R3 gate sketched in Fennel:

(fn host-blocked? [host blocked]
  (var found false)
  (each [_ d (ipairs blocked)]
    (when (or (= host d)
              (= (string.sub host (- (+ 1 (length d)))) (.. "." d)))
      (set found true)))
  found)

(print (host-blocked? "example.com" ["example.com" "badactor.net"]))
;; true
(print (host-blocked? "wal.sh" ["example.com" "badactor.net"]))
;; false

9.5. Summary: libcurl shim as a compliance primitive

All four Lisp environments can load /usr/local/lib/libcurl.so.4 via their respective FFI mechanisms. The variadic ABI shim (7 lines of C, compiled once at startup to ~/tmp/whc-*-curlshim.so) is the only platform-specific artifact. Gate logic is portable across CL dialects and Fennel with minimal adaptation.
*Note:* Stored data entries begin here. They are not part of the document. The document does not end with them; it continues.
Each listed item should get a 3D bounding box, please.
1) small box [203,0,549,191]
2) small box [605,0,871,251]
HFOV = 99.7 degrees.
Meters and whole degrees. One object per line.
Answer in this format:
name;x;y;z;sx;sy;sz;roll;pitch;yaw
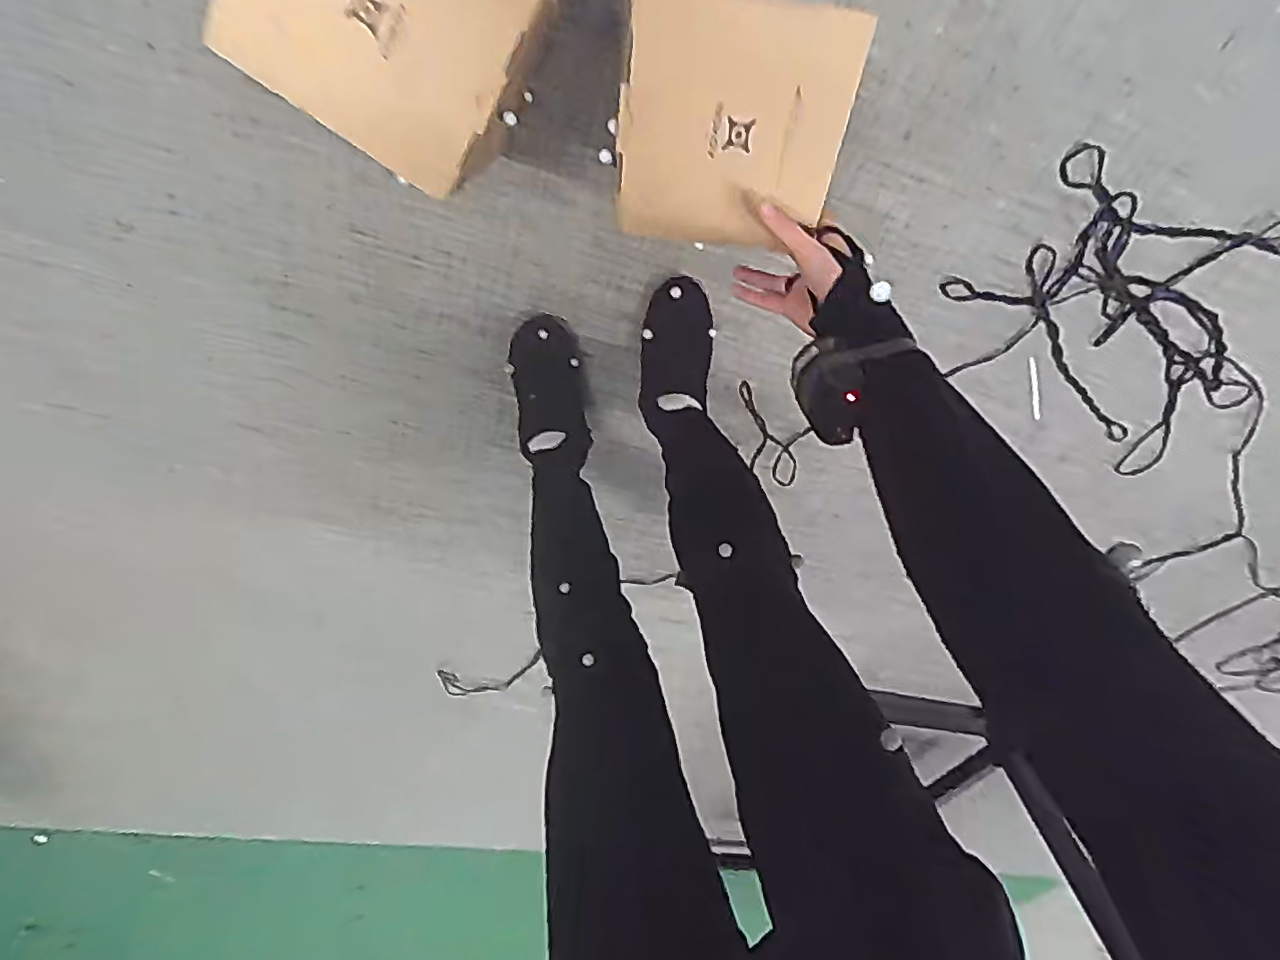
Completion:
small box;-0.188;-0.369;0.430;0.179;0.176;0.168;27;120;-24
small box;0.064;-0.321;0.481;0.179;0.176;0.168;4;128;-6

Impl Runtime FFI libcurl HTTPS fetch Gate logic
sbcl SBCL 2.5.7 sb-alien WORKS WORKS (200) all gates
ecl ECL 24.5.10 ffi:load-foreign-library LOADS shim needed all gates
clisp CLISP 2.49.95+ ffi:def-call-out WORKS (handle ok) shim needed all gates
fennel LuaJIT 2.1 ffi (LuaJIT) WORKS WORKS (200) R3 sketched

The SBCL condition/restart system was silent during normal compliance runs. The only conditions raised were style warnings on defun redefinition — non-fatal, non-interactive, proceed automatically. ECL's INTERACTIVE-INTERRUPT on Ctrl-C is the same protocol with numbered restarts: the CL restart vocabulary is consistent across implementations.